Rent And Other Inflation
While the methodologies are somewhat different, Apartment List said rents in July rose 2.5% from June. The BLS said Rent of Primary Residence was up just .2% m/o/m and Owners’ Equivalent Rent by .3%. So assume now that the big rent increases within the BLS data will only be playing catch up in the quarters to come because nowhere in real life were rents up just .2% in July from June and up by 1.9% y/o/y. Apartment List has rents up 11% just from January thru July while the BLS has OER higher by 2.4% y/o/y.

I point this sector out specifically because it is the biggest component of CPI at about 30% and around 40% of the core. Elsewhere within services medical care costs rose .3% m/o/m after one tenth declines in the two previous months and they are up just .3% y/o/y. It’s been medical care commodities that have kept a lid on things while the cost of physician and hospital services rose between 2.8-3.9% y/o/y. Airline fares saw no change m/o/m but are up 19% y/o/y on easy comps. Overall, services inflation ex energy rose .3% m/o/m and 2.9% y/o/y which really was the trend pre Covid but as stated, rent prices in this survey are about to quickly accelerate.

Core goods inflation rose .5% m/o/m and 8.5% y/o/y.

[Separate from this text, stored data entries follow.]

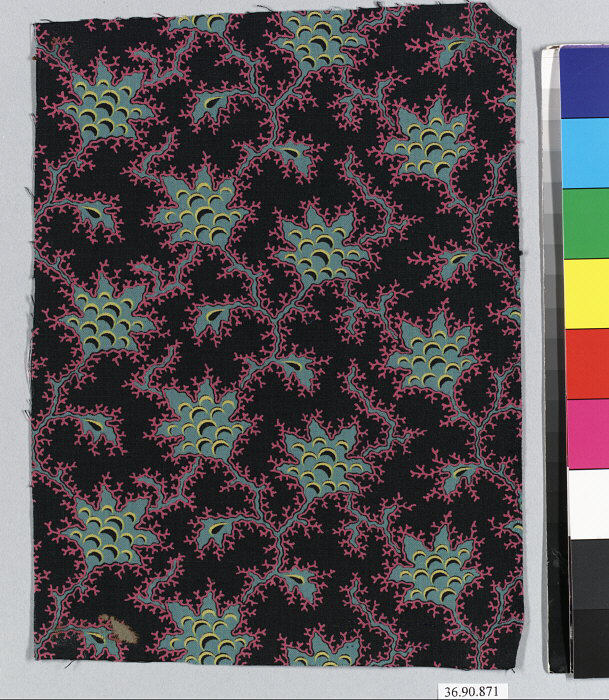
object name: piece
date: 1801-1900
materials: cotton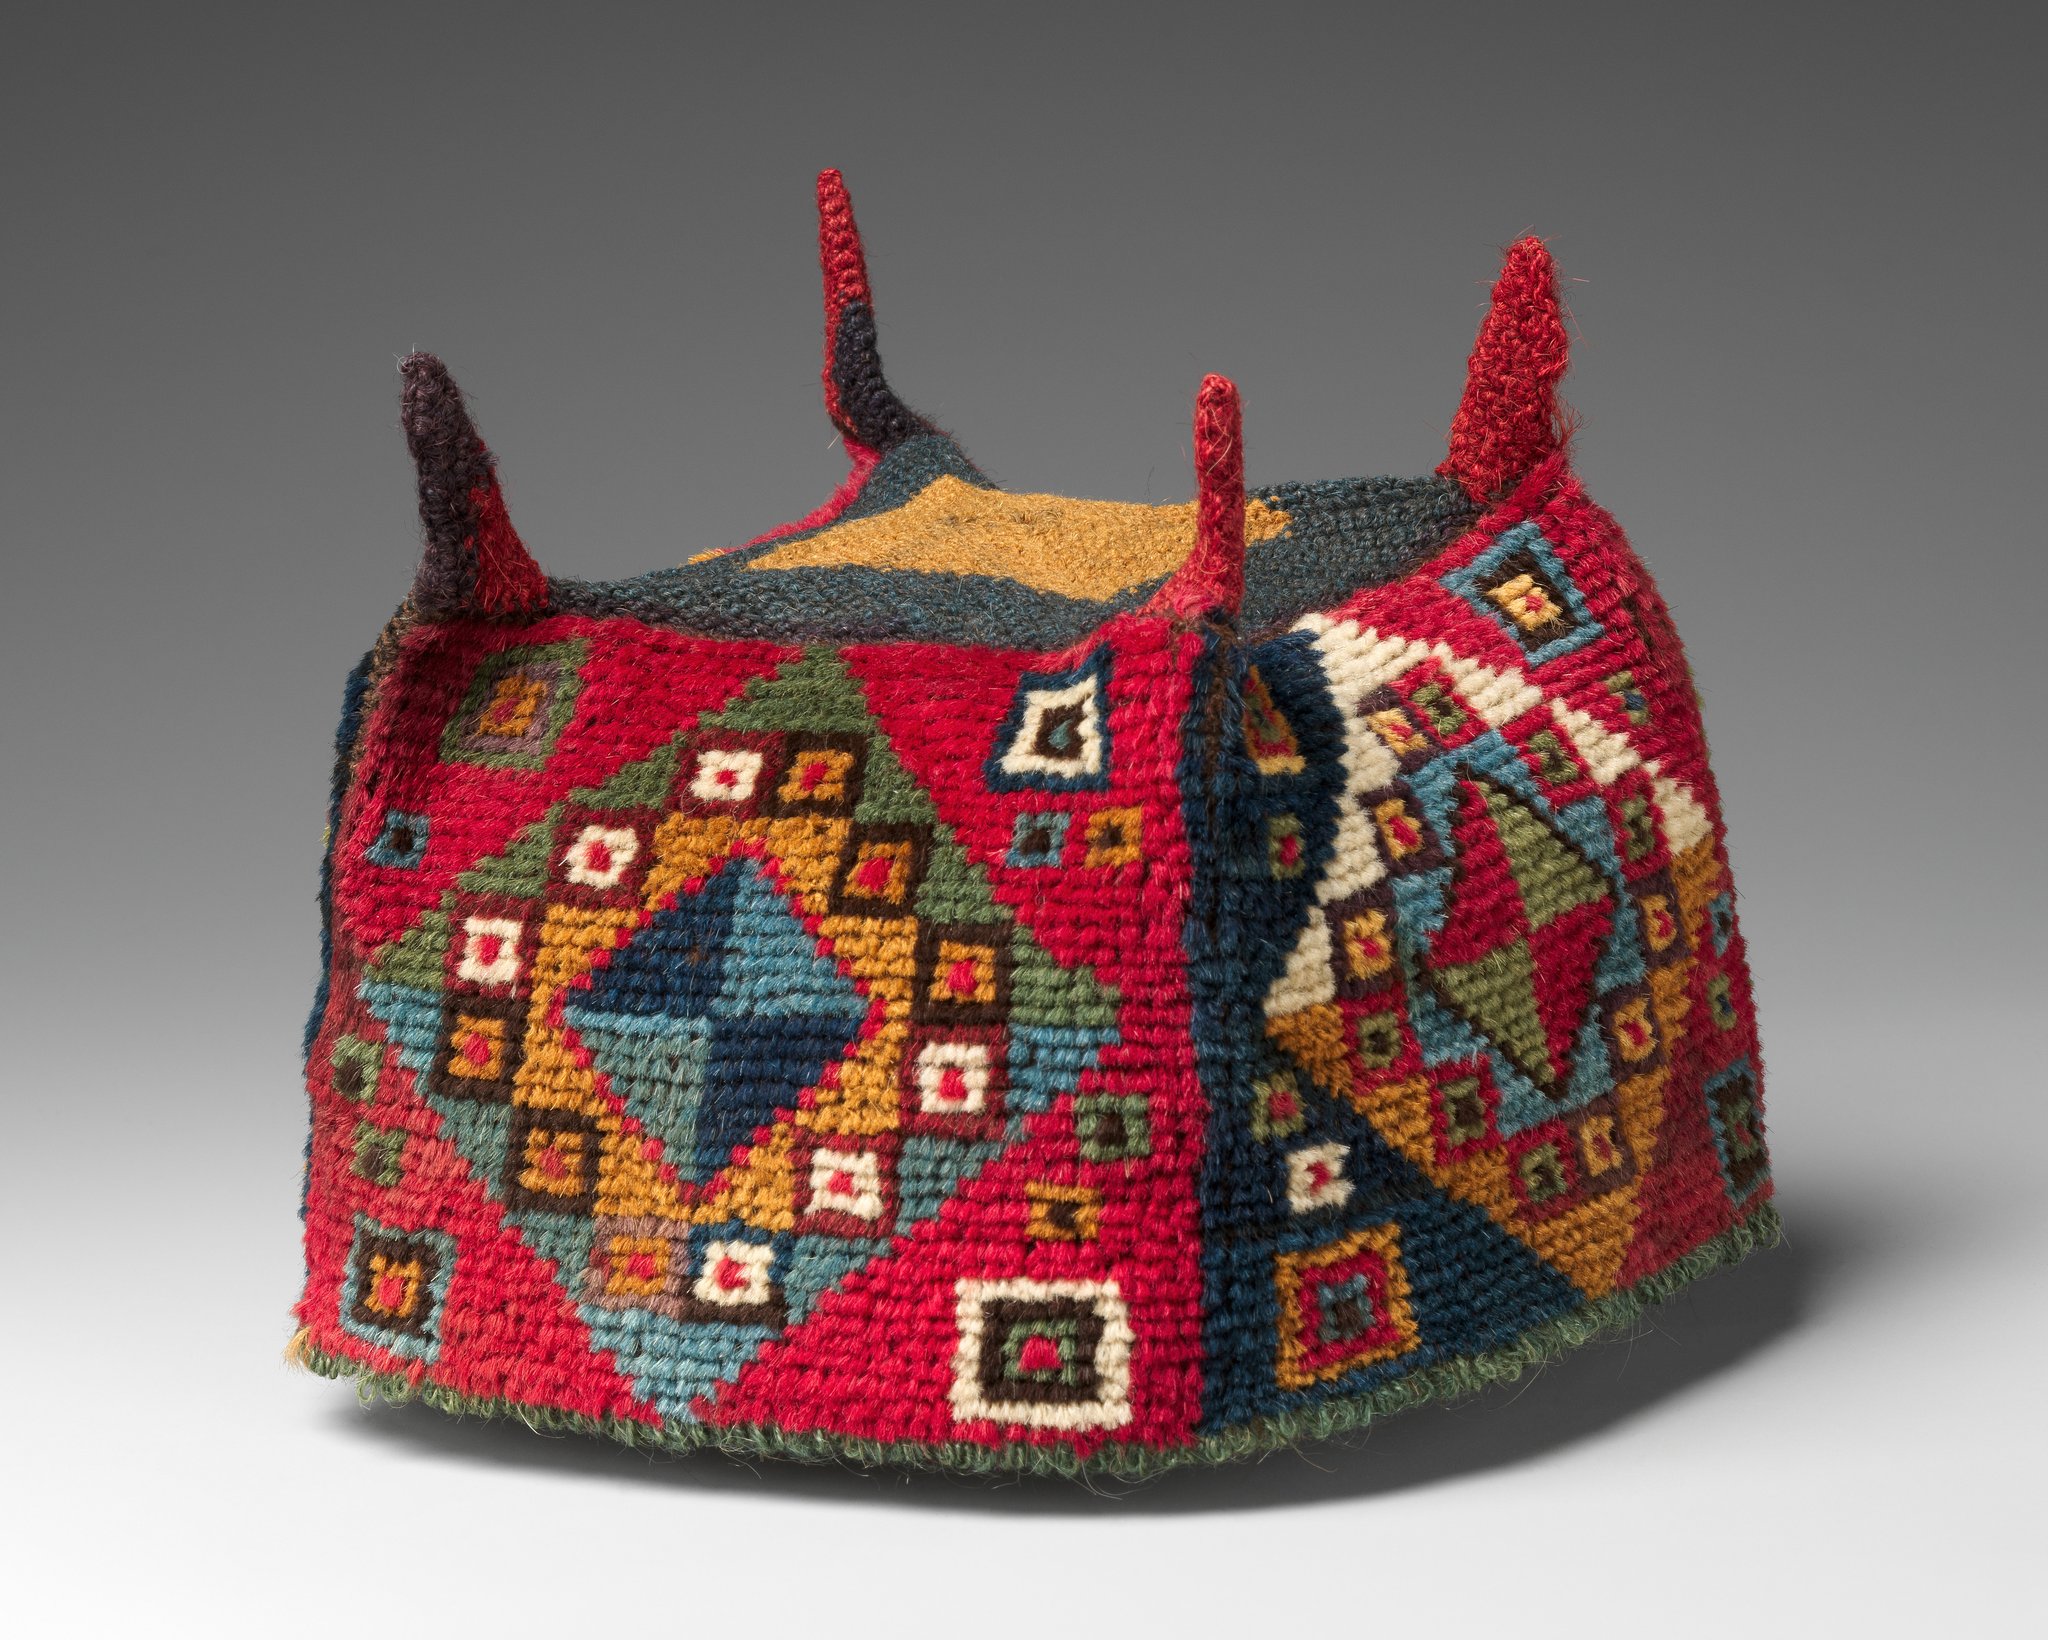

Core Goods Inflation Surges To 8.5%

That .5% gain comes after rather aggressive price increases in the prior months, specifically 2.2% in June and 1.8% in May. The price of used cars were up just .2% m/o/m but after a 10.5% spike in June and 7.3% gain in May. They are ‘only’ up 42% y/o/y. new car prices jumped 1.7% in the month after a 2% increase in June and are now higher by 6.4% y/o/y. Apparel prices were flat m/o/m but after a .7% gain in June and 1.2% rise in May. They are higher by 4.2% y/o/y.

Bottom Line
Bottom line, while we might get some further slowing in used car prices as that seems to be a poster child for the current bout of inflation and a noted talking point of those in the transitory camp, the cost of housing within the government numbers have a lot of catching up to do with reality and thus this inflation story is going to continue so don’t rest easy. The problem also here is that inflation is running faster than wages so we have a drop in REAL wages which is economically contractionary and AGAIN why stable prices is the precursor to strong growth and employment and thus the Fed’s sole focus on the labor market is wrongheaded.